Но бутыль оказалась не пустой. Внутри что-то виднелось, что-то небольшое, напоминавшее свернутый клочок бумаги. Рауль перевернул бутылку, потряс, но оттуда ничего не выпало. Тогда он опустил внутрь веревочку с тяжелым узелком на конце и, затаив дыхание, извлек очень тонкий бумажный листок, скрученный в трубочку и перевязанный красной ленточкой. Развернув его, он обнаружил, что это всего лишь половинка обычного листа, нижняя часть которого была отрезана или, скорее, оторвана, причем неровно. Текст был написан чернилами, кое-где выцветшими, но оставшихся букв вполне хватило, чтобы сложить несколько фраз:
Рауль с первого взгляда узнал почерк Брежака, а также понял, что, судя по выцветшим чернилам и состоянию бумаги, письмо было написано лет пятнадцать-двадцать назад. О каком преступлении идет речь? И кто стал его жертвой?
Он долго размышлял, а потом заключил вполголоса:
– Дело это кажется запутанным, потому что оно двойное. В нем слились две истории, две драмы, и вторая является результатом первой. Вторая драма случилась в скором поезде, ее участниками стали два брата Лубо, Гийом, Жодо и Орели. Первая же драма произошла гораздо раньше, но сегодня два ее действующих лица столкнулись лицом к лицу: это Жодо и Брежак.
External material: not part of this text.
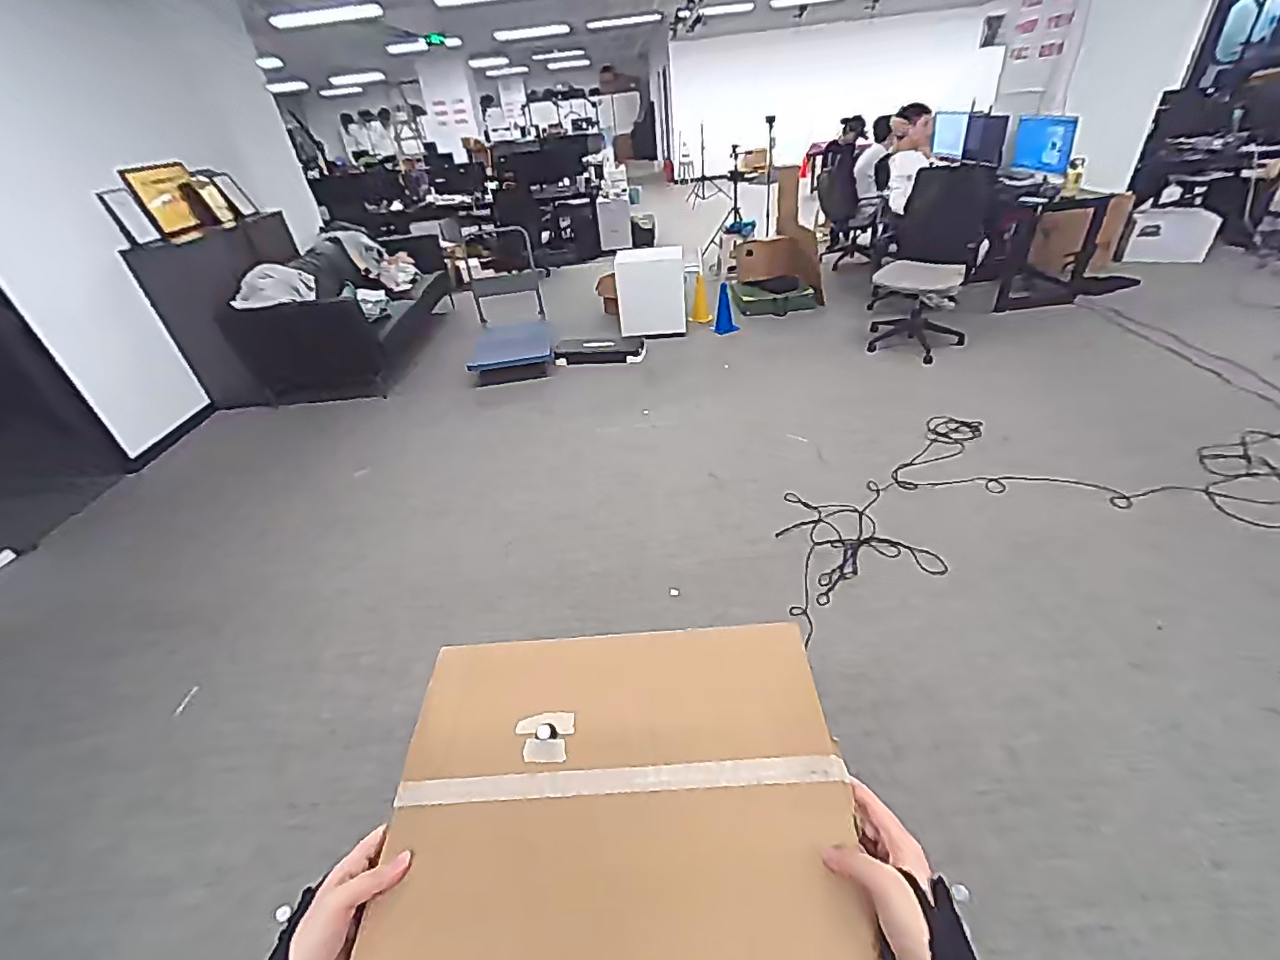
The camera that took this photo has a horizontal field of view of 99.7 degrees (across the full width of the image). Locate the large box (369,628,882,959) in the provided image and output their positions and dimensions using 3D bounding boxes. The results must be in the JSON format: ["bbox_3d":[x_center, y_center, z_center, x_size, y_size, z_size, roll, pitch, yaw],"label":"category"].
[{"bbox_3d":[-0.002,0.398,0.597,0.408,0.320,0.320,-7,40,5],"label":"large box"}]

Для того, кто не может найти ключ к истинному положению вещей, все лишь усложняется, для меня же, наоборот, дело начинает проясняться. Час сражения приближается, и ставкой в нем является Орели или, скорее, секрет, мерцающий в глубине ее прекрасных зеленых глаз. Тот, кто сумеет хотя бы на несколько мгновений – силой, хитростью или любовью – завоевать ее взгляд и ее мысли, станет обладателем тайны, из-за которой уже погибли несколько человек.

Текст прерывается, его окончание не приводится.